May 18, 2011
The idea of this project was to automatically create panoramas of any length. Using two different collections of images, I was able to show reasonably hallucinated panoramas composed of images not captured in the traditional panoramic set-up, i.e. from a static location, where the camera is rotated on a static point. In the spirit of the Kaneva et. al work in , I used this hallucinated panorama pipeline to create an automatic mural of my vacation photos.
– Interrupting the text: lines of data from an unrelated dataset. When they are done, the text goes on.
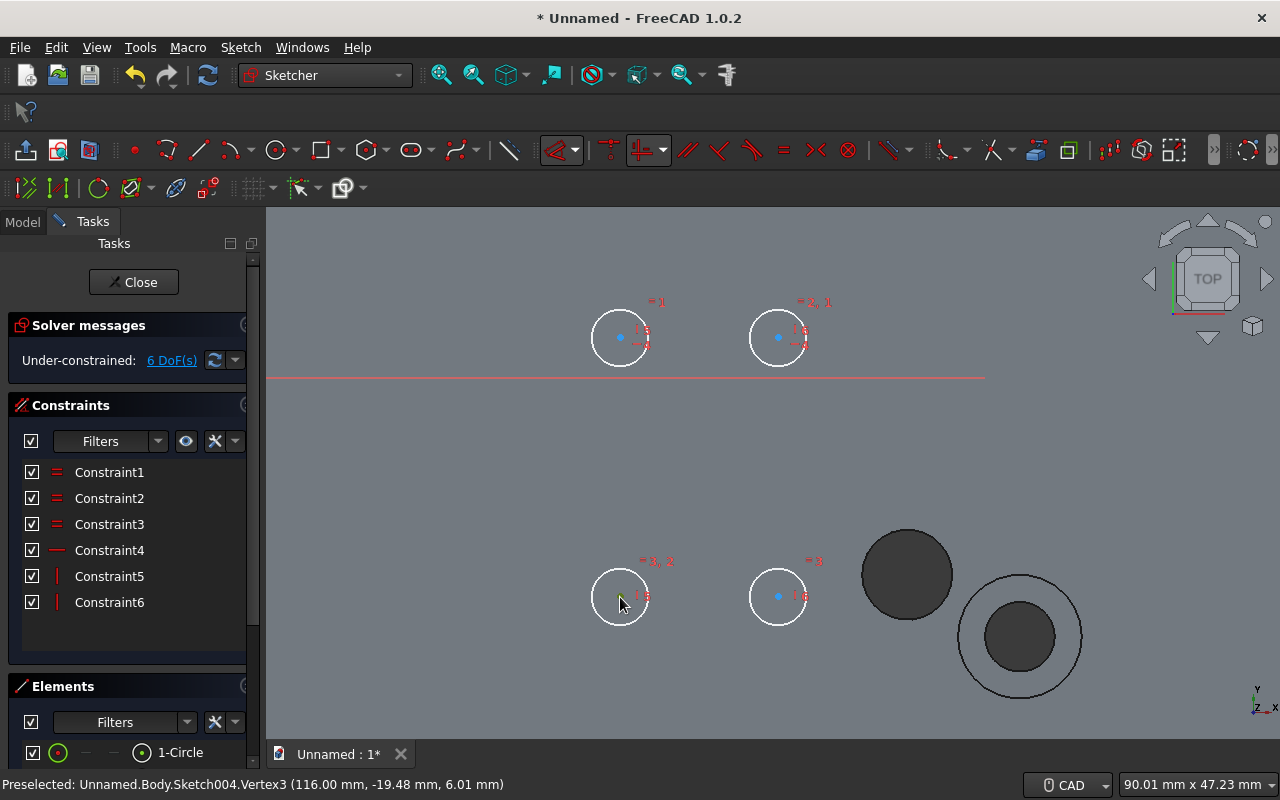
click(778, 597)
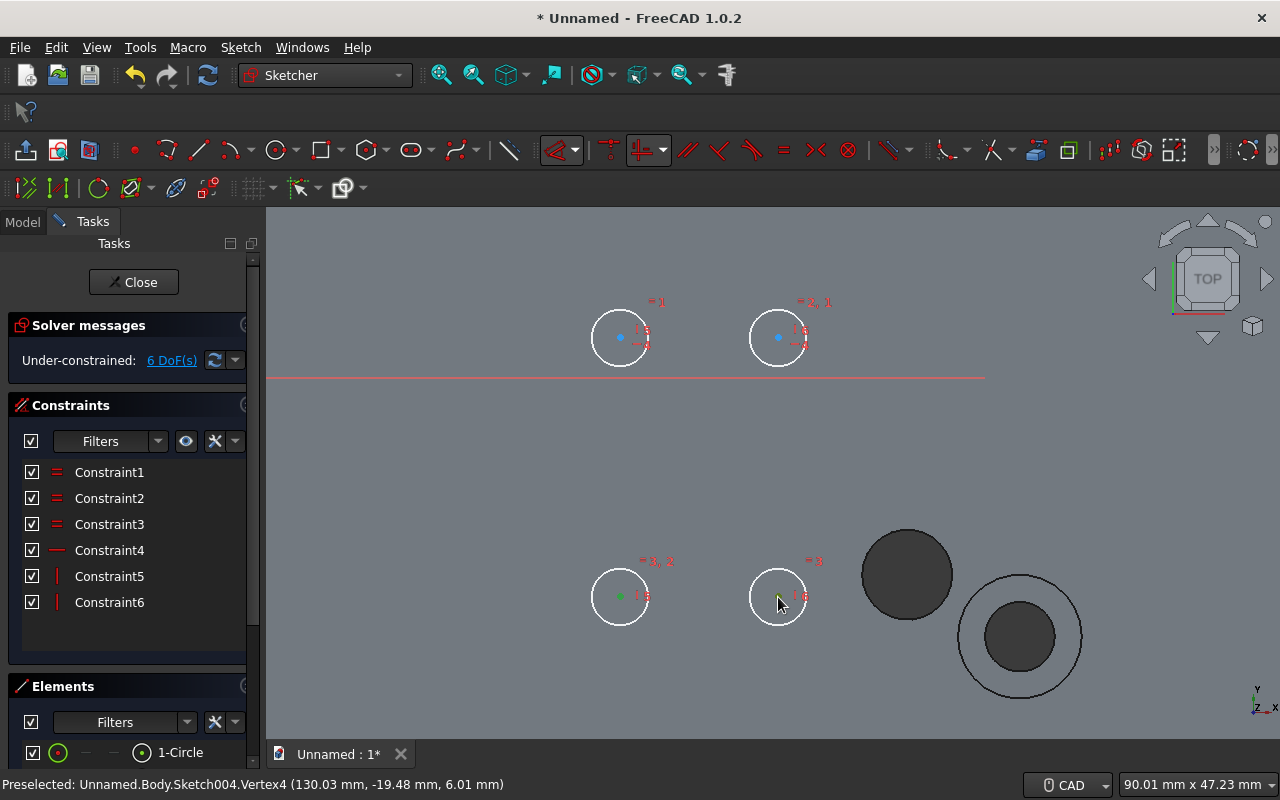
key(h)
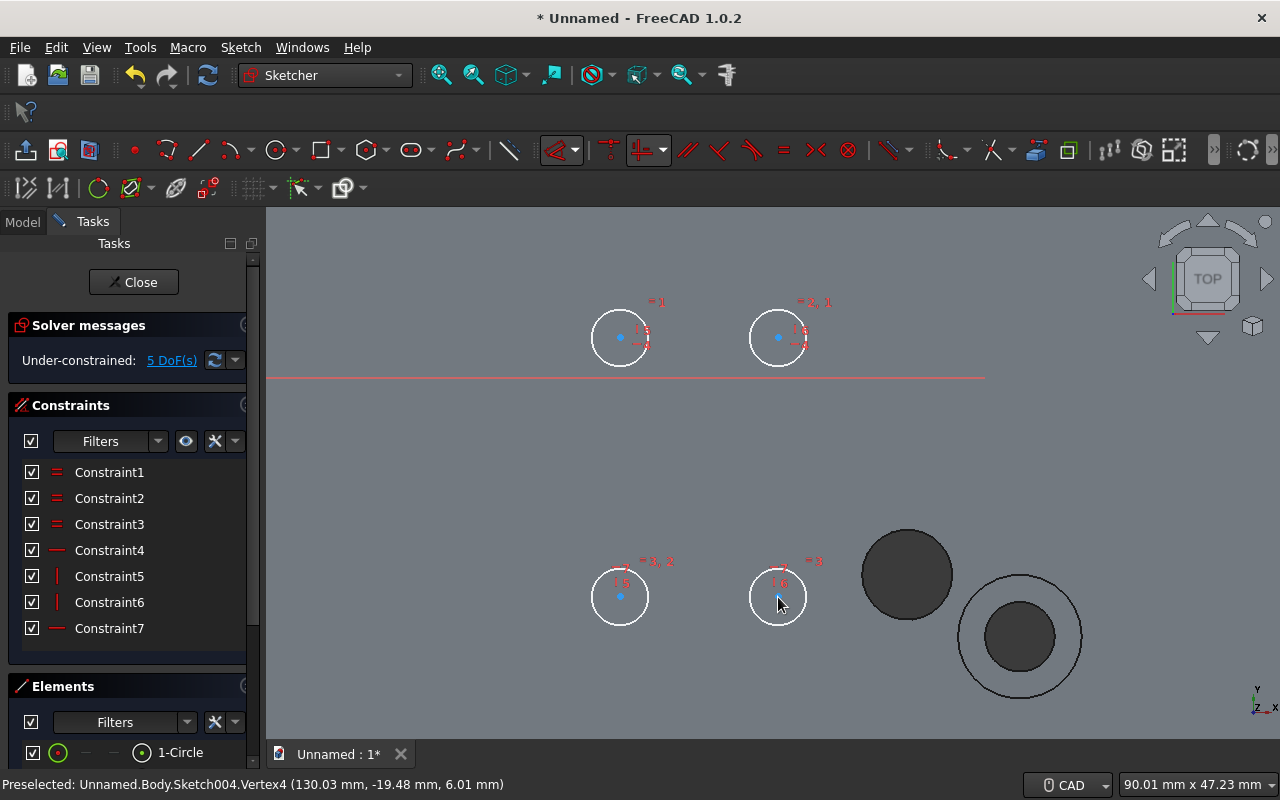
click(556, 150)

The result was a unique pictorial summarization of my vacation.
The fist dataset I explored was the SUn dataset . This huge set of scene images was well-suited for this project because the images are close-up images of people or things. Because panoramas, automatic or not, are inherently images of a scene, using a database of scene images made sense.
The second set of images I used was from a vacation I took to Istanbul, Turkey. I selected 35 photos from my set of vacation pictures. These images were selected because they were image of scenes, besides being visually appealing and often contained people I was visiting.
In order to create a successful panorama, images that somehow resembled each other had to be selected. The panorama was constructed in a loop, and the first image was chosen at random from the dataset. The following images had to be selected because they somehow lined-up well with the previous image. Two visual features were used to select the best-match image for the forthcoming step in the panorama.
The Gist feature is a global image feature , which characterizes several important statistic about a scene . The Gist feature can encode the amount or strength of vertical or horizontal lines in an image, which for example can help to match scenes with similar horizon lines, textures, or buildings in them.
The Gist feature is computed by convolving an oriented filter with the image at several different orientations and scales. This way the high- and low-frequency repetitive gradient directions of an image can be measured. The scores for the filter convolution at each orientation and scale are stored in an array, which is the Gist feature for that image.
In this project, the Gist features for all of the SUn dataset were pre-computed. I used this pre-computed dataset when working with the SUn images. Because the panorama was constructed by matching the next image to the image directly before it, a new Gist descriptor did not need to be computed for the panorama at an intermediate state of construction.
The vacation images did not have Gist descriptors. I used the same method used to compute the SUn dataset Gist descriptors. The code for this computation was available at: Jianxiong Xiao's website . I used version 2 of the code. The matlab functions I wrote to calculate the new Gist descriptors are in computNovelGists.m and gistCalculator.m.
Gist descriptors were calculated using a Gabor filter at 8 orientations at 4 scales. Figure 1 shows the Gabor filters used to calculate the Gist descriptor. The Gist descriptors were calculated for the gray scale of the subject image. Figure 2 shows an example image in gray scale, it's pre-filtered version used to improve the quality of the Gist calculation, and the resultant Gist descriptor for that image. In the next section I will discuss how color was used as a discriminating feature.Figure 1: Gabor Filter used to calculate Gist Descriptor Figure 2: Example Gist Descriptor for one of my images
The Gist descriptor was appropriate for selecting matching images that have a similar spatial composition. In order to improve the likelihood that the match image really did match the search image, I used a color feature - Tiny Images. Tiny Images uses 32x32 size versions of the original images as a comparison feature . Because I had already used Gist features to ensure an approximate spatial match, I only wanted to make sure that the color transition between images would be smooth. Tiny Images seemed like a light weight way to access global color information. The method I wrote for tiny image comparison is in pickBestColorMatch.m.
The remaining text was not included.